- Your goal:
Below are records to be transcribed exactly; any pictures should be left out.

START Dataset records

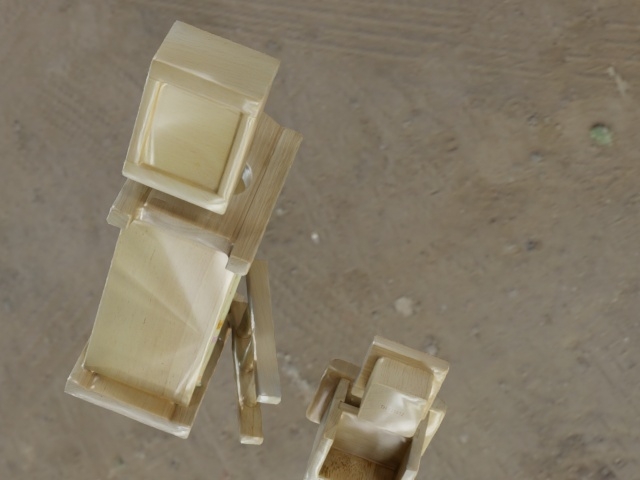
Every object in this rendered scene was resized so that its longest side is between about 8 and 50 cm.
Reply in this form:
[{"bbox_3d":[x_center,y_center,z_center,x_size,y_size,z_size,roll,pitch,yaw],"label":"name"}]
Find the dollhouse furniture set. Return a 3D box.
[{"bbox_3d":[0.000,0.000,0.552,0.161,0.101,0.182,21,130,-2],"label":"dollhouse furniture set"}]
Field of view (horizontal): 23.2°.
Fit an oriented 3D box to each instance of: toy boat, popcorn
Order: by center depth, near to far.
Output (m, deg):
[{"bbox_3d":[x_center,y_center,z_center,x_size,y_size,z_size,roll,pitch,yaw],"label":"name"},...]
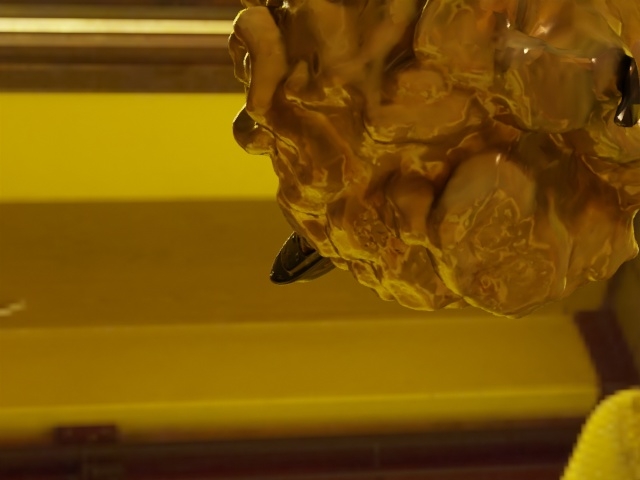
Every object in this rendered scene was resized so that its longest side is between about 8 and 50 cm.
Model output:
[{"bbox_3d":[0.079,-0.086,0.750,0.225,0.249,0.249,-19,71,55],"label":"popcorn"},{"bbox_3d":[0.000,0.000,1.490,0.141,0.060,0.055,-39,46,31],"label":"toy boat"}]
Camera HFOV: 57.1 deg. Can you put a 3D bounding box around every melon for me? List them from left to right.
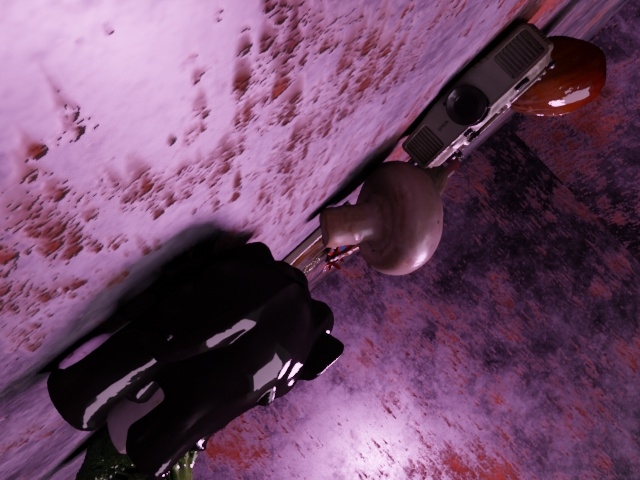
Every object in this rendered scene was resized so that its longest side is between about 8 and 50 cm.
[{"bbox_3d":[0.253,-0.136,1.509,0.167,0.114,0.114,-41,174,-12],"label":"melon"}]

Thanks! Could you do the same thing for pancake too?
[{"bbox_3d":[-0.020,0.061,1.621,0.116,0.022,0.129,-43,175,-20],"label":"pancake"}]

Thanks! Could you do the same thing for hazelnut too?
[{"bbox_3d":[0.504,-0.349,1.290,0.181,0.181,0.212,-62,-177,4],"label":"hazelnut"}]

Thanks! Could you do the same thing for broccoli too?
[{"bbox_3d":[-0.392,0.507,1.337,0.307,0.275,0.308,-14,161,-5],"label":"broccoli"}]

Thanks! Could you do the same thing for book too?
[{"bbox_3d":[0.000,0.000,1.314,0.208,0.020,0.295,-43,175,4],"label":"book"}]

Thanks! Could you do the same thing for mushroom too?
[{"bbox_3d":[-0.267,0.256,1.046,0.270,0.103,0.118,-46,176,-17],"label":"mushroom"},{"bbox_3d":[0.110,-0.047,1.041,0.206,0.209,0.207,-160,-90,-89],"label":"mushroom"}]

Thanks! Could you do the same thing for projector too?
[{"bbox_3d":[0.261,-0.231,0.971,0.269,0.088,0.193,-45,177,31],"label":"projector"}]

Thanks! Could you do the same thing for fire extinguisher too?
[{"bbox_3d":[0.441,-0.260,2.151,0.231,0.071,0.099,-42,-158,-11],"label":"fire extinguisher"}]

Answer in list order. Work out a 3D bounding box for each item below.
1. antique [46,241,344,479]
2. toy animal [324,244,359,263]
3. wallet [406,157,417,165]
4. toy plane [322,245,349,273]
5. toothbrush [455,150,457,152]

END Dataset records

- Solution to this problem:
Every object in this rendered scene was resized so that its longest side is between about 8 and 50 cm.
Reply in this form:
[{"bbox_3d":[x_center,y_center,z_center,x_size,y_size,z_size,roll,pitch,yaw],"label":"name"}]
Find the dollhouse furniture set. Return a 3D box.
[{"bbox_3d":[0.000,0.000,0.552,0.161,0.101,0.182,21,130,-2],"label":"dollhouse furniture set"}]
Field of view (horizontal): 23.2°.
Fit an oriented 3D box to each instance of: toy boat, popcorn
Order: by center depth, near to far.
Output (m, deg):
[{"bbox_3d":[x_center,y_center,z_center,x_size,y_size,z_size,roll,pitch,yaw],"label":"name"},...]
Every object in this rendered scene was resized so that its longest side is between about 8 and 50 cm.
Model output:
[{"bbox_3d":[0.079,-0.086,0.750,0.225,0.249,0.249,-19,71,55],"label":"popcorn"},{"bbox_3d":[0.000,0.000,1.490,0.141,0.060,0.055,-39,46,31],"label":"toy boat"}]
Camera HFOV: 57.1 deg. Can you put a 3D bounding box around every melon for me? List them from left to right.
Every object in this rendered scene was resized so that its longest side is between about 8 and 50 cm.
[{"bbox_3d":[0.253,-0.136,1.509,0.167,0.114,0.114,-41,174,-12],"label":"melon"}]

Thanks! Could you do the same thing for pancake too?
[{"bbox_3d":[-0.020,0.061,1.621,0.116,0.022,0.129,-43,175,-20],"label":"pancake"}]

Thanks! Could you do the same thing for hazelnut too?
[{"bbox_3d":[0.504,-0.349,1.290,0.181,0.181,0.212,-62,-177,4],"label":"hazelnut"}]

Thanks! Could you do the same thing for broccoli too?
[{"bbox_3d":[-0.392,0.507,1.337,0.307,0.275,0.308,-14,161,-5],"label":"broccoli"}]

Thanks! Could you do the same thing for book too?
[{"bbox_3d":[0.000,0.000,1.314,0.208,0.020,0.295,-43,175,4],"label":"book"}]

Thanks! Could you do the same thing for mushroom too?
[{"bbox_3d":[-0.267,0.256,1.046,0.270,0.103,0.118,-46,176,-17],"label":"mushroom"},{"bbox_3d":[0.110,-0.047,1.041,0.206,0.209,0.207,-160,-90,-89],"label":"mushroom"}]

Thanks! Could you do the same thing for projector too?
[{"bbox_3d":[0.261,-0.231,0.971,0.269,0.088,0.193,-45,177,31],"label":"projector"}]

Thanks! Could you do the same thing for fire extinguisher too?
[{"bbox_3d":[0.441,-0.260,2.151,0.231,0.071,0.099,-42,-158,-11],"label":"fire extinguisher"}]

Answer in list order. Work out a 3D bounding box for each item below.
1. antique [46,241,344,479]
2. toy animal [324,244,359,263]
3. wallet [406,157,417,165]
4. toy plane [322,245,349,273]
5. toothbrush [455,150,457,152]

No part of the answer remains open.